In the UK, the prospective impact on global trade and economic activity helped drive the miners and banks lower. While we have seen some weakness for energy names, the gains seen for natural gas and oil highlight the potential for investors to seek shelter from inflation fears within this sector. As is often the case, precious metals took a hit in early trade, with gold typically joining the crowd within the inception of any widespread selloff. Nonetheless, the gains we are subsequently seeing does highlight the prospective benefit if global demand continues to favour gold over US treasuries. On mainland Europe, the automotive sector appears to be the hardest-hit, with Volkswagen, BMW, Stellantis, and Mercedes Benz all tumbling on the prospect of Transatlantic sales collapsing.

The euro is on the rise after an inflation report that saw headline CPI rise to 2.5%. The -0.3% monthly metric will undoubtedly provide a great degree of respite, and we are likely to see significant disinflation next month when base effects kick-in.
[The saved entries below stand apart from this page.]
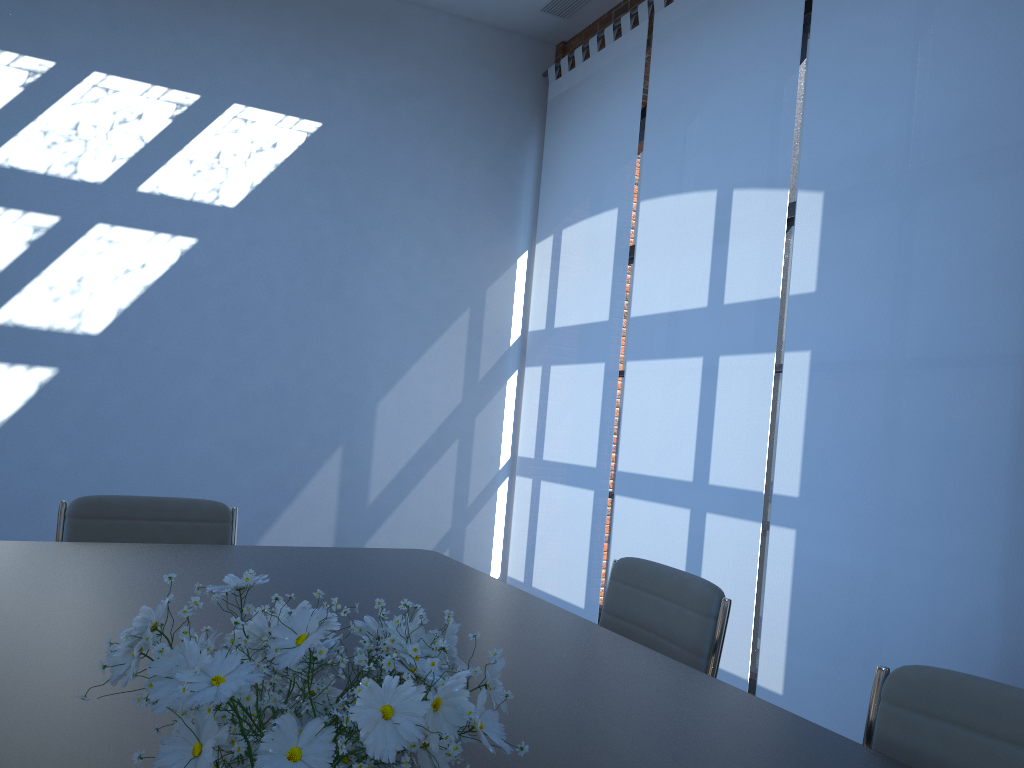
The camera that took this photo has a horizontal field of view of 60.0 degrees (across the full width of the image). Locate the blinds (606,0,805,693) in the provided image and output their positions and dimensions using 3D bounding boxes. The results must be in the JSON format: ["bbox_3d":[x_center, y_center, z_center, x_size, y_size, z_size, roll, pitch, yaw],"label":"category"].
[{"bbox_3d":[0.924,-0.356,4.474,0.040,3.755,1.218,5,-1,-25],"label":"blinds"}]

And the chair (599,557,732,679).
[{"bbox_3d":[0.087,0.912,2.212,0.707,0.922,0.560,5,-1,-22],"label":"chair"}]

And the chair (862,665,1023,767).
[{"bbox_3d":[0.490,0.892,1.139,0.707,0.922,0.559,6,-2,-32],"label":"chair"}]

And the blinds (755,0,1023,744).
[{"bbox_3d":[1.471,-0.367,3.333,0.040,3.755,1.218,5,-1,-25],"label":"blinds"}]

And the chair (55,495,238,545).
[{"bbox_3d":[-1.105,0.834,2.681,0.561,0.922,0.706,5,-2,-26],"label":"chair"}]

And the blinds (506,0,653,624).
[{"bbox_3d":[0.372,-0.345,5.625,0.040,3.755,1.218,5,-1,-25],"label":"blinds"}]

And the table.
[{"bbox_3d":[-0.154,0.870,0.667,1.812,0.809,4.502,6,-3,-25],"label":"table"}]

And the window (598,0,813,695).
[{"bbox_3d":[2.673,-0.220,2.074,0.160,3.605,9.617,5,-2,-25],"label":"window"}]

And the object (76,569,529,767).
[{"bbox_3d":[-0.174,0.310,0.734,0.329,0.309,0.336,5,-2,-15],"label":"object"}]
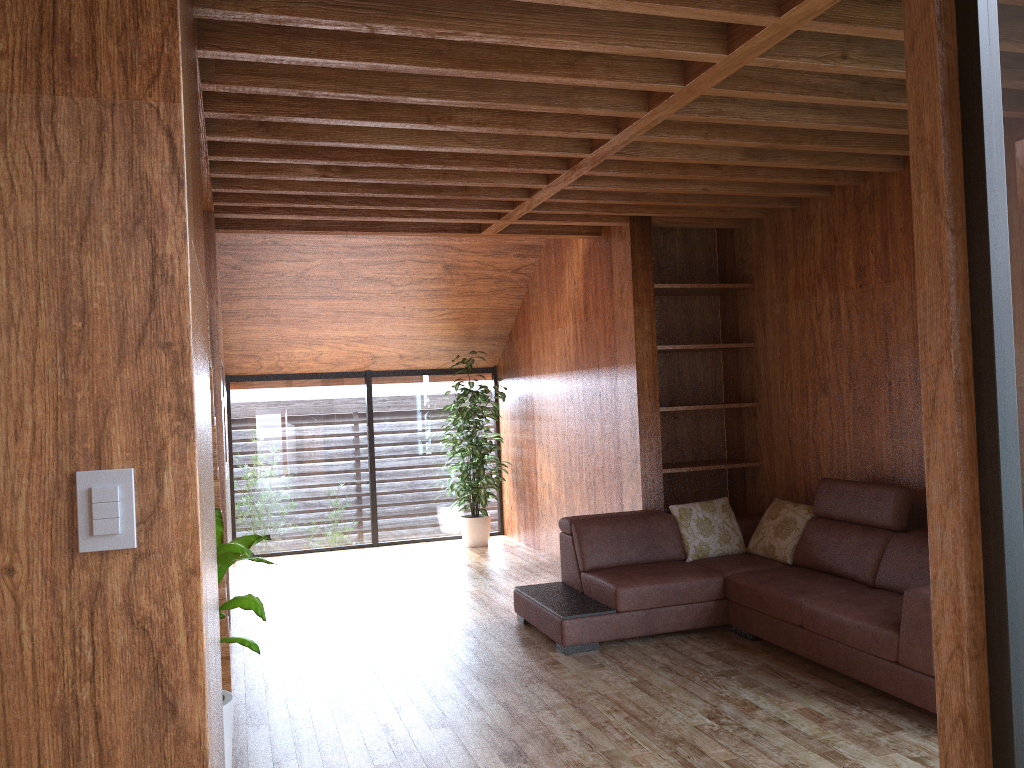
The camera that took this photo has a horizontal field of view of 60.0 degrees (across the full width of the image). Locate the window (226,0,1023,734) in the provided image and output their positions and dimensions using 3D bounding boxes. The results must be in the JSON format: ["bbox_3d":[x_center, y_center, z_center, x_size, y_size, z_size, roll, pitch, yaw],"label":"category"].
[{"bbox_3d":[0.775,-0.916,1.305,4.124,5.131,13.900,-2,-1,-18],"label":"window"}]

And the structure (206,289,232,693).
[{"bbox_3d":[-1.559,0.230,3.399,0.833,2.298,2.436,-2,-1,-18],"label":"structure"}]

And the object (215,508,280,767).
[{"bbox_3d":[-1.025,0.831,2.707,0.678,1.031,0.628,-2,-1,-28],"label":"object"}]

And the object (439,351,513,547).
[{"bbox_3d":[-0.325,0.552,7.665,0.639,1.690,0.676,-2,-1,-10],"label":"object"}]

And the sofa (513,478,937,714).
[{"bbox_3d":[1.171,0.892,4.133,1.707,0.760,2.493,-2,-1,-18],"label":"sofa"}]
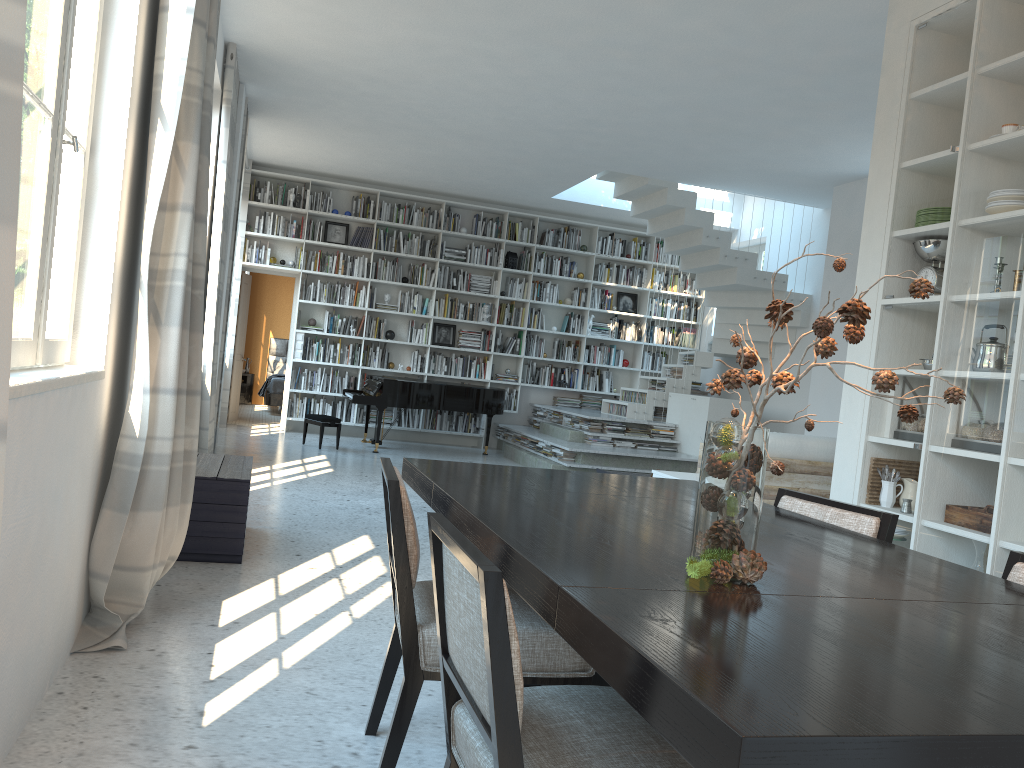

Nonetheless, with the energy component rising at a shocking 2.9%, the prospect of higher energy prices on supply chains disruptions do provide cause for concern going forward. Elsewhere, the better-than-expected German manufacturing PMI (45.0) serves to highlight the new norm where markets cannot take economic announcements at face value as they instead seek to gauge how this could further deteriorate under the weight of US tariffs.